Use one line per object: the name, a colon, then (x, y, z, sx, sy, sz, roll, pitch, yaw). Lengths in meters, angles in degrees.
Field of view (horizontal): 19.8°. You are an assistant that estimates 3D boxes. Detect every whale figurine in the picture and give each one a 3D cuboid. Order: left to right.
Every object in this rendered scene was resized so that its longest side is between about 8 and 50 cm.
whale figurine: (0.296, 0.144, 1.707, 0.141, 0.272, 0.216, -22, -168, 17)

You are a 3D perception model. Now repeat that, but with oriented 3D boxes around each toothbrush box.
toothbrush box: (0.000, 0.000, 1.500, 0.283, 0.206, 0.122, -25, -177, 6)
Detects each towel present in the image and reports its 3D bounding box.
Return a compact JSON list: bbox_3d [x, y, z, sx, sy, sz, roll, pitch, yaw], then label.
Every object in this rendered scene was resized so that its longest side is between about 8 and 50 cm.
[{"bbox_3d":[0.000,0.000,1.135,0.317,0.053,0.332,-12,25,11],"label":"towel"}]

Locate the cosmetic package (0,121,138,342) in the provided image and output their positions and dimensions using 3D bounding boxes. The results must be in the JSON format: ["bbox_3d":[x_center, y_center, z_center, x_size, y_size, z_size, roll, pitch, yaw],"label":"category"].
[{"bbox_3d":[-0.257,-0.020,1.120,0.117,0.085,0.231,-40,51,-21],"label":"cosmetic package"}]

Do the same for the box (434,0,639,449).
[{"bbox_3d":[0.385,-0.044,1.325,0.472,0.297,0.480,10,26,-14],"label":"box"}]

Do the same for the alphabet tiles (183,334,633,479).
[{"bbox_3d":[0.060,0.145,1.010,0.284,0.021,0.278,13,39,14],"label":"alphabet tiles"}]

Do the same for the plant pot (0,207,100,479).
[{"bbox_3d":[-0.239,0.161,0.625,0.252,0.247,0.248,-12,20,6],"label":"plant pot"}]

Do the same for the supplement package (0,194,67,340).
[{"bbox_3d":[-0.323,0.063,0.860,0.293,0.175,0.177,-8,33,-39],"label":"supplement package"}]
———
== ABOUT THIS TASK ==
The whole listing needs copying. Write it out exactly.

== ANSWER FOR THIS EXERCISE ==
Use one line per object: the name, a colon, then (x, y, z, sx, sy, sz, roll, pitch, yaw). Lengths in meters, angles in degrees.
Field of view (horizontal): 19.8°. You are an assistant that estimates 3D boxes. Detect every whale figurine in the picture and give each one a 3D cuboid. Order: left to right.
Every object in this rendered scene was resized so that its longest side is between about 8 and 50 cm.
whale figurine: (0.296, 0.144, 1.707, 0.141, 0.272, 0.216, -22, -168, 17)

You are a 3D perception model. Now repeat that, but with oriented 3D boxes around each toothbrush box.
toothbrush box: (0.000, 0.000, 1.500, 0.283, 0.206, 0.122, -25, -177, 6)
Detects each towel present in the image and reports its 3D bounding box.
Return a compact JSON list: bbox_3d [x, y, z, sx, sy, sz, roll, pitch, yaw], then label.
Every object in this rendered scene was resized so that its longest side is between about 8 and 50 cm.
[{"bbox_3d":[0.000,0.000,1.135,0.317,0.053,0.332,-12,25,11],"label":"towel"}]

Locate the cosmetic package (0,121,138,342) in the provided image and output their positions and dimensions using 3D bounding boxes. The results must be in the JSON format: ["bbox_3d":[x_center, y_center, z_center, x_size, y_size, z_size, roll, pitch, yaw],"label":"category"].
[{"bbox_3d":[-0.257,-0.020,1.120,0.117,0.085,0.231,-40,51,-21],"label":"cosmetic package"}]

Do the same for the box (434,0,639,449).
[{"bbox_3d":[0.385,-0.044,1.325,0.472,0.297,0.480,10,26,-14],"label":"box"}]

Do the same for the alphabet tiles (183,334,633,479).
[{"bbox_3d":[0.060,0.145,1.010,0.284,0.021,0.278,13,39,14],"label":"alphabet tiles"}]

Do the same for the plant pot (0,207,100,479).
[{"bbox_3d":[-0.239,0.161,0.625,0.252,0.247,0.248,-12,20,6],"label":"plant pot"}]

Do the same for the supplement package (0,194,67,340).
[{"bbox_3d":[-0.323,0.063,0.860,0.293,0.175,0.177,-8,33,-39],"label":"supplement package"}]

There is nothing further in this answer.